Datadog (NASDAQ:DDOG) Falls after Projections Disappoint – – TipRanks

It’s been a long day for cloud software stock Datadog (NASDAQ:DDOG), I’m only about halfway done. The company released its earnings report, and its stock price fell more than 14% at one point in premarket. However, it has recovered from most of those losses and is currently down about 4% in afternoon trading Tuesday.

Datadog’s earnings report itself looked pretty good, thanks to revenue of $589.6 million, which was up 26% compared to Q4 2022 numbers. The number of customers with average recurring revenue of more than $1 million also increased, increasing from 317 companies in Q4 2022 to 396 companies in Q4 2023.

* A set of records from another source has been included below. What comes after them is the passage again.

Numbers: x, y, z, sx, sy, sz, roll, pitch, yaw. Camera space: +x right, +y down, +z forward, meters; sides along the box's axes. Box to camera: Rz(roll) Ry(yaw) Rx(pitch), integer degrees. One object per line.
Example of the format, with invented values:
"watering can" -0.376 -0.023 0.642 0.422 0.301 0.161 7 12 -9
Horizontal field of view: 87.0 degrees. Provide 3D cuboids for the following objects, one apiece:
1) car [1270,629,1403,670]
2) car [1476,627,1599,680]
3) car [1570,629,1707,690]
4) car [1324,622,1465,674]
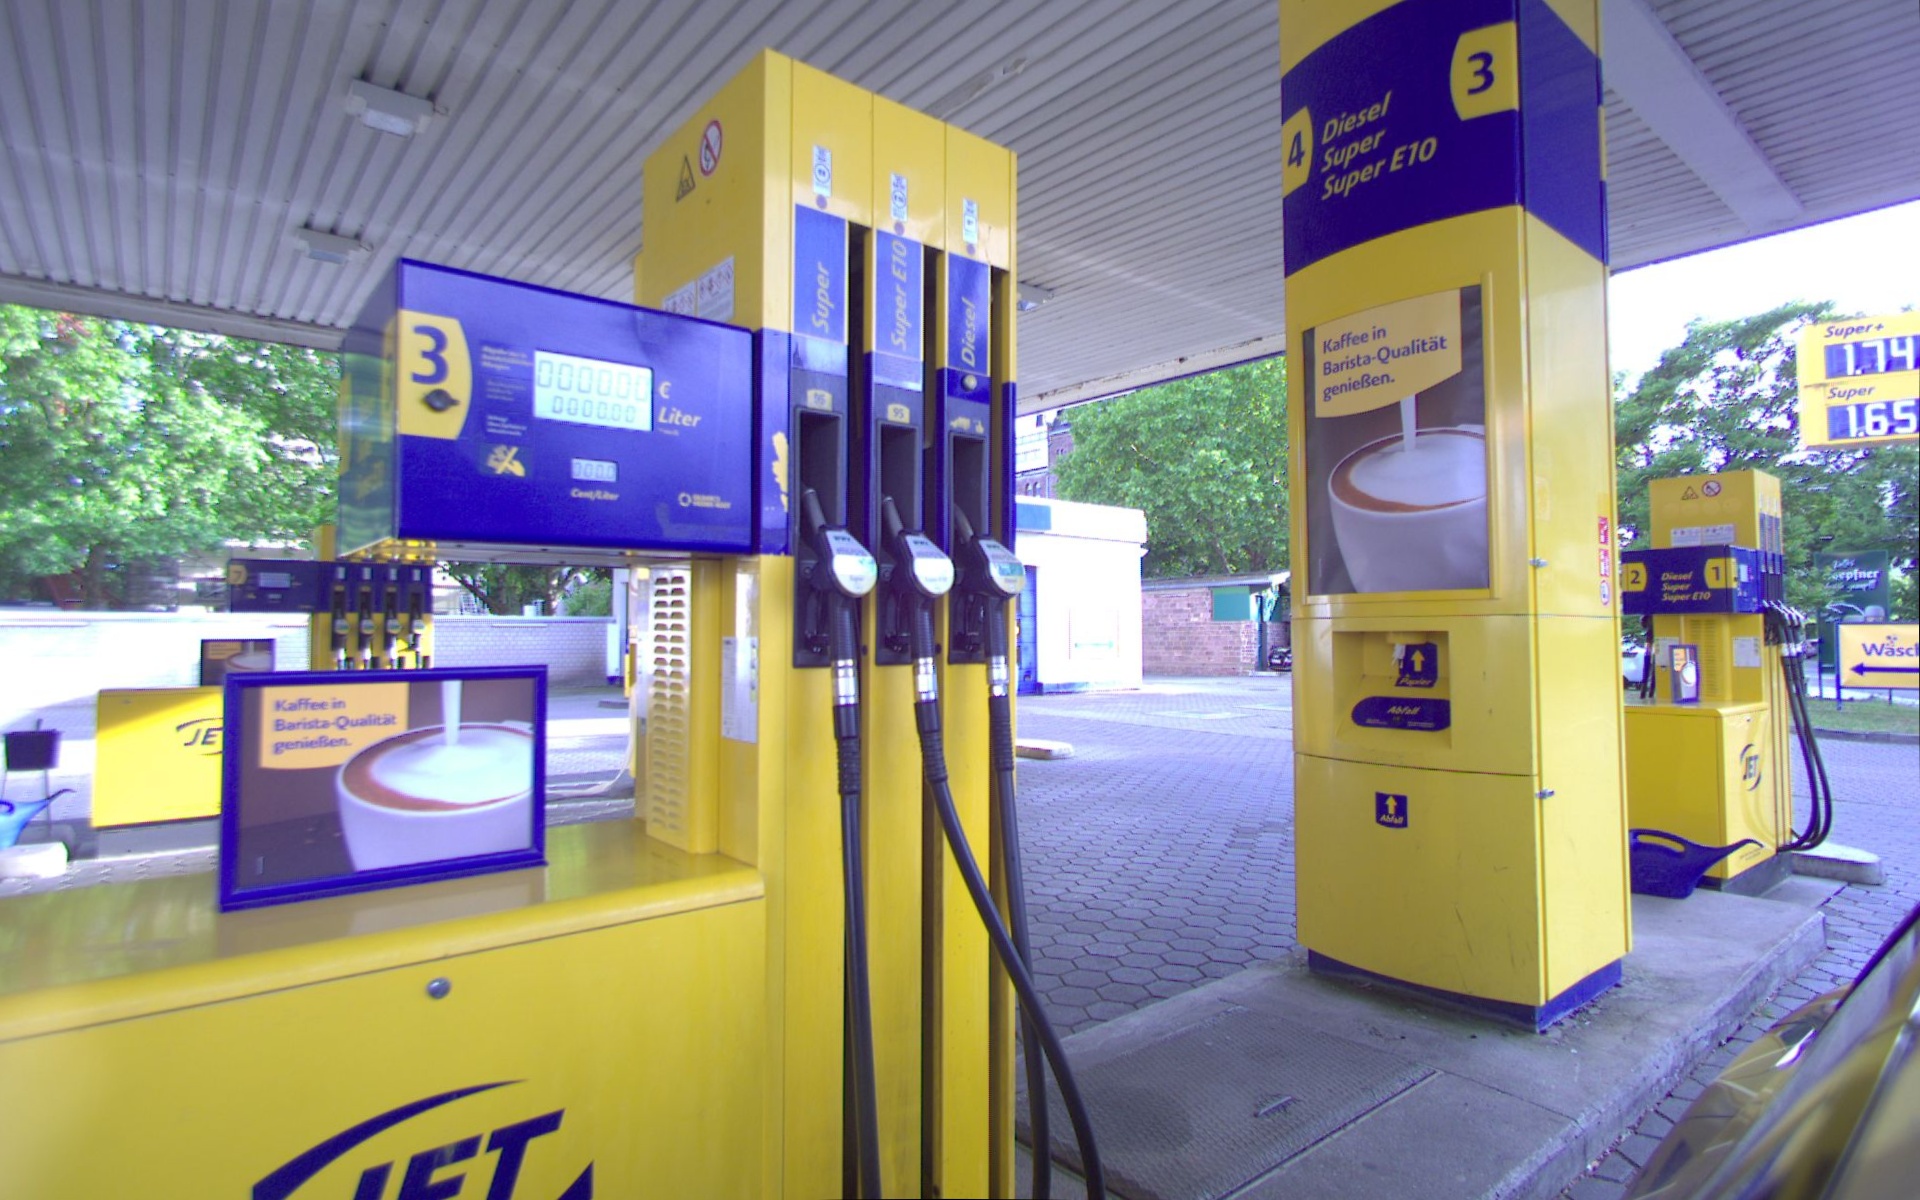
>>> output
"car" 12.837 1.693 34.500 4.134 1.294 1.751 2 -3 -22
"car" 17.564 1.636 30.752 3.923 1.529 1.740 3 -3 -35
"car" 18.229 1.558 27.165 3.923 1.529 1.740 2 -3 -35
"car" 13.797 1.542 32.151 4.134 1.544 1.791 2 -3 -24

However, the predictions turned out to be far more disappointing. Datadog expects earnings per share to be between $1.38 and $1.44 and revenue between $2.555 billion and $2.575 billion during fiscal 2024. Meanwhile, analysts had expected earnings of $1.78 per share and revenue of $2.59 billion. That was enough to cause stock prices to fall.

Potential problems in Q1

TD Cowen analyst Andrew Sherman said the first quarter “looks light,” and so far that seems to be the case. Datadog expects the first quarter to be off to a slow start, with revenue ranging from $587 million to $591 million. This means only about $1 million in additional revenue from the previous quarter, potentially no growth at all or even a loss. This will make it more difficult to meet the full-year target, even if greater growth is expected in the remainder of 2024.

What is Outlook on Datadog?

Turning to Wall Street, analysts are giving DDOG stock a Strong Buy rating, based on 15 Buys and 5 Holds assigned over the past three months, as shown in the chart below. Has a consensus rating. DDOG’s average price target of $137.58 per share means it has upside potential of 5.3%, after the stock’s price has increased 51.82% over the past year.